**GIVEN DATA:**

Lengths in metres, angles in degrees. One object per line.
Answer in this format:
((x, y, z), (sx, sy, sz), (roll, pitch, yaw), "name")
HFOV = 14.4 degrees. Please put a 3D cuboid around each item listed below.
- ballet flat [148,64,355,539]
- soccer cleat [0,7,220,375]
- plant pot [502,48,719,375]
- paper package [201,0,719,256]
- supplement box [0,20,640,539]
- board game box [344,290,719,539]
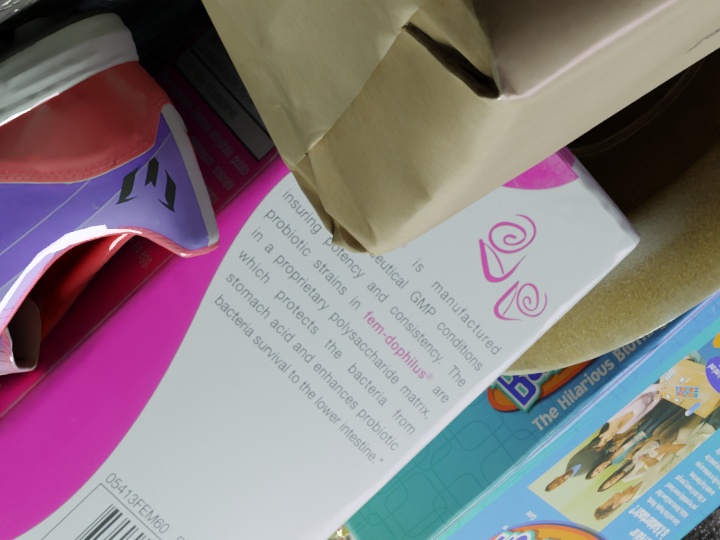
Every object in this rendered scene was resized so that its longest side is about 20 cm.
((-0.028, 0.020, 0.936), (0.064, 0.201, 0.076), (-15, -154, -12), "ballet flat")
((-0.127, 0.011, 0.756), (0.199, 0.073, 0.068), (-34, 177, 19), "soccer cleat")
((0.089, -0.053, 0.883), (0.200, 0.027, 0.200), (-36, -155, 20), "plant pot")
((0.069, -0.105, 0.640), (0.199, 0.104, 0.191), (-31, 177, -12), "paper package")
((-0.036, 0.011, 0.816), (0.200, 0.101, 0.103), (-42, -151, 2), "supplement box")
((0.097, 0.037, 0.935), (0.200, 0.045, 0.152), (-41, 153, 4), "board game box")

**ACTIVITY:** A word-for-word copy is needed of the lines from the line holding "- soccer cleat [0,7,220,375]" through the end of the records, both included, excluding every picture.

**WRITTEN SOLUTION:**
- soccer cleat [0,7,220,375]
- plant pot [502,48,719,375]
- paper package [201,0,719,256]
- supplement box [0,20,640,539]
- board game box [344,290,719,539]
Every object in this rendered scene was resized so that its longest side is about 20 cm.
((-0.028, 0.020, 0.936), (0.064, 0.201, 0.076), (-15, -154, -12), "ballet flat")
((-0.127, 0.011, 0.756), (0.199, 0.073, 0.068), (-34, 177, 19), "soccer cleat")
((0.089, -0.053, 0.883), (0.200, 0.027, 0.200), (-36, -155, 20), "plant pot")
((0.069, -0.105, 0.640), (0.199, 0.104, 0.191), (-31, 177, -12), "paper package")
((-0.036, 0.011, 0.816), (0.200, 0.101, 0.103), (-42, -151, 2), "supplement box")
((0.097, 0.037, 0.935), (0.200, 0.045, 0.152), (-41, 153, 4), "board game box")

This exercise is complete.